- [TRY IT] Scan the entries line by line and return those with "pixels".

- [DATA FOR THE TASK]
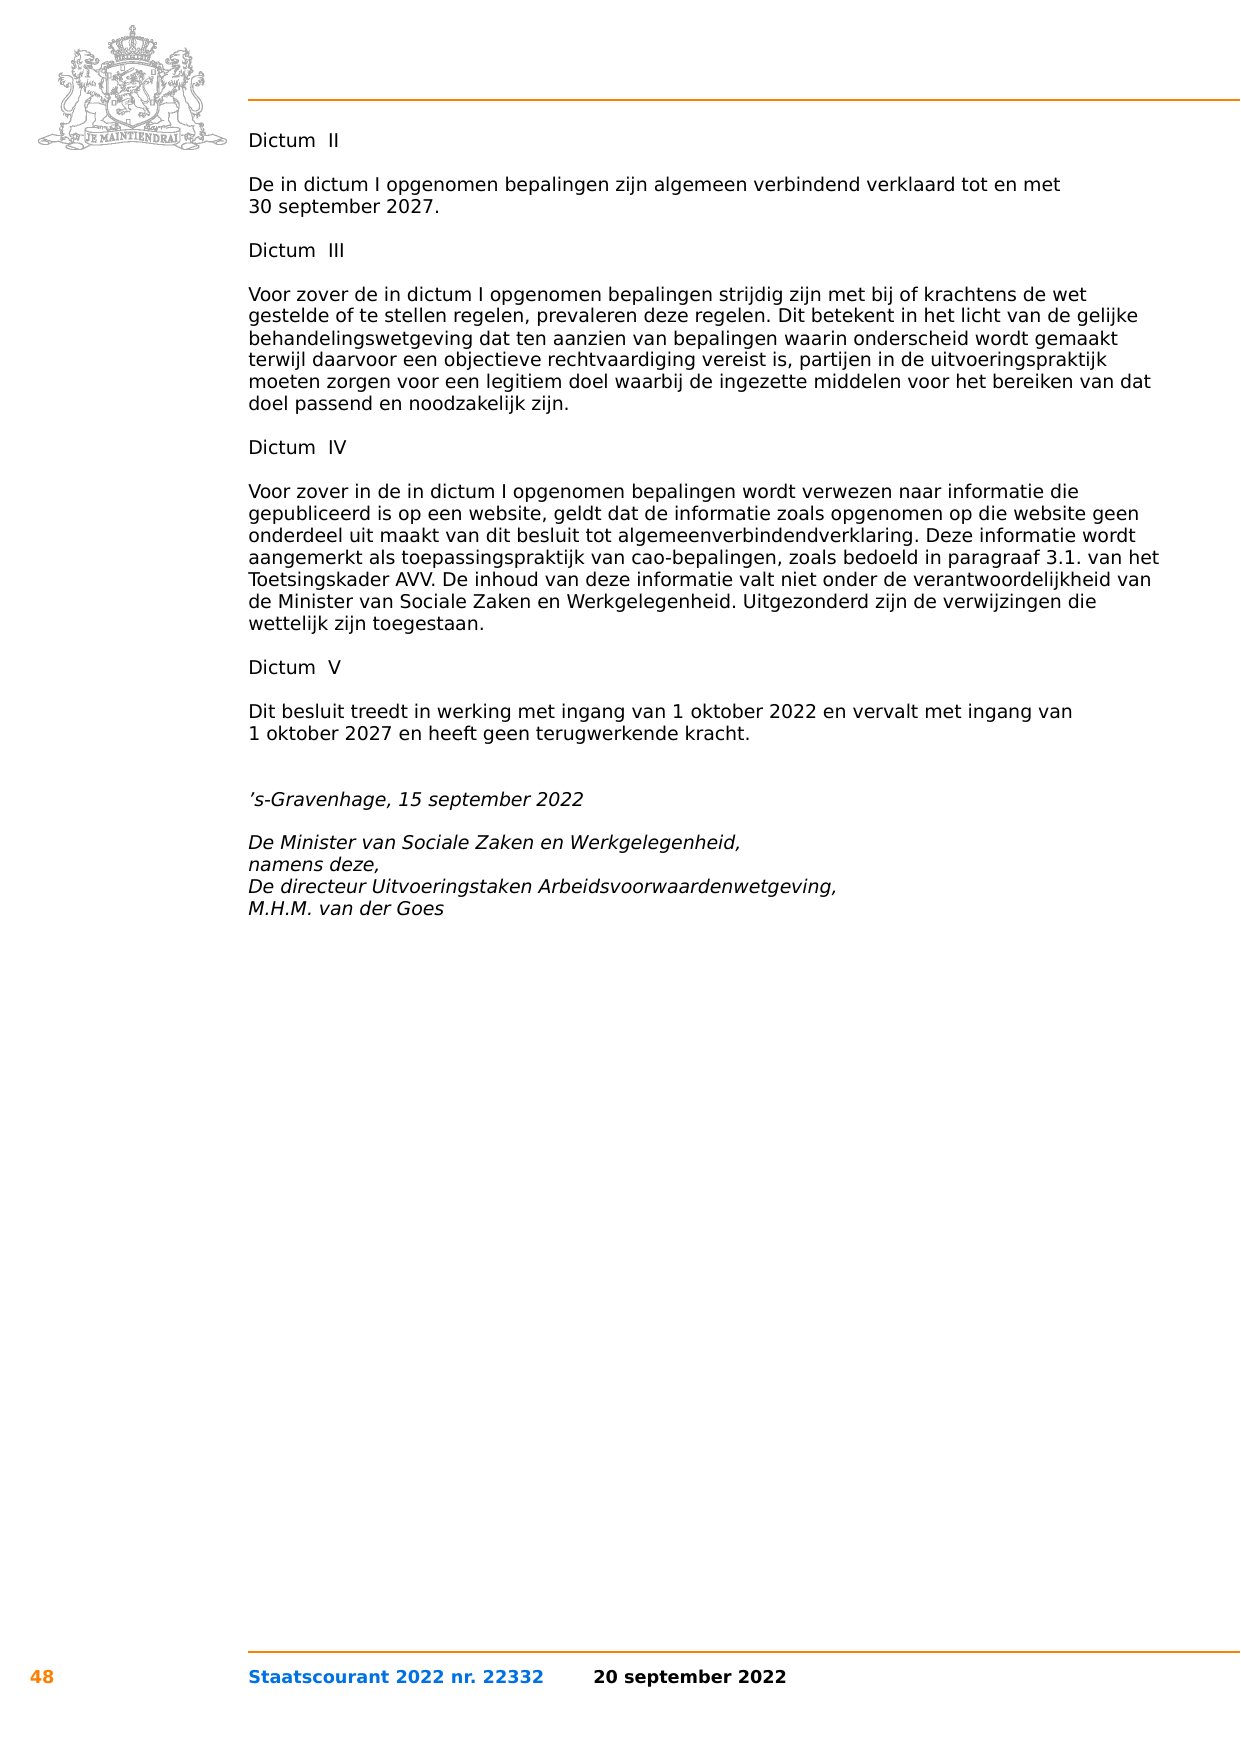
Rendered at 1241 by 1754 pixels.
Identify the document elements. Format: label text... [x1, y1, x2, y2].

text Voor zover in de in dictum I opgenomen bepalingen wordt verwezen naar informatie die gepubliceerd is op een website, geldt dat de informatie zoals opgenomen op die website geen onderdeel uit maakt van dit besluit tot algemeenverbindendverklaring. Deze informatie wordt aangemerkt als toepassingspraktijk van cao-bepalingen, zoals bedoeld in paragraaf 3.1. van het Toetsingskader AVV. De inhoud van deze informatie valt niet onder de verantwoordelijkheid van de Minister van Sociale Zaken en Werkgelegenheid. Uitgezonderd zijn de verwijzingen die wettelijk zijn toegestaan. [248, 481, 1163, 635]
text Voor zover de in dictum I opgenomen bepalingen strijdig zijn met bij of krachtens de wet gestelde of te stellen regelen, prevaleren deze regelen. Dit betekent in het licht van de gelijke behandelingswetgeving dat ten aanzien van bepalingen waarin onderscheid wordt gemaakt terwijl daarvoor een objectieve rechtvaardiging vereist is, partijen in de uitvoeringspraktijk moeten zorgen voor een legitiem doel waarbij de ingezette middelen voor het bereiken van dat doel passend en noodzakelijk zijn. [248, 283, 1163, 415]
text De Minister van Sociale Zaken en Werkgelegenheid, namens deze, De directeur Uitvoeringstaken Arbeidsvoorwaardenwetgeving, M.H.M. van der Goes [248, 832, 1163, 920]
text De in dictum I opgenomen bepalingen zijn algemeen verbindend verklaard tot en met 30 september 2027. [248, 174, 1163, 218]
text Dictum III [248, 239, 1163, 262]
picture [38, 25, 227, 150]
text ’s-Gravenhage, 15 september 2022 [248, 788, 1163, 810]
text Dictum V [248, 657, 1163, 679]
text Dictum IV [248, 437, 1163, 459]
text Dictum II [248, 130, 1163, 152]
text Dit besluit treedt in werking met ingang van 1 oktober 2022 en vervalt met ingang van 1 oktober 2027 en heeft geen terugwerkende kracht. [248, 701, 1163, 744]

...

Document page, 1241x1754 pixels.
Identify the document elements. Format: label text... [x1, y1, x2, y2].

...

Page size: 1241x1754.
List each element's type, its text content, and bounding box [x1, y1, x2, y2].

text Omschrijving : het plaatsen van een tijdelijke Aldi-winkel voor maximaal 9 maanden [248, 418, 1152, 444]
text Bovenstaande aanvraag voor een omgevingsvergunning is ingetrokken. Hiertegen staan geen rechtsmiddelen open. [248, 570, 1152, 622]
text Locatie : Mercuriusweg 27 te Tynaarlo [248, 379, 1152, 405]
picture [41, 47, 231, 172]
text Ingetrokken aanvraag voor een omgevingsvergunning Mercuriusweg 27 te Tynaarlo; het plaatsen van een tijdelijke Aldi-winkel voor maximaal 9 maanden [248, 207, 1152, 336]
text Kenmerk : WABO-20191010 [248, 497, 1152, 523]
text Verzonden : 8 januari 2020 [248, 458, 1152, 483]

- [ANSWER BELOW]
Rendered at 1241 by 1754 pixels.
Document page, 1241x1754 pixels.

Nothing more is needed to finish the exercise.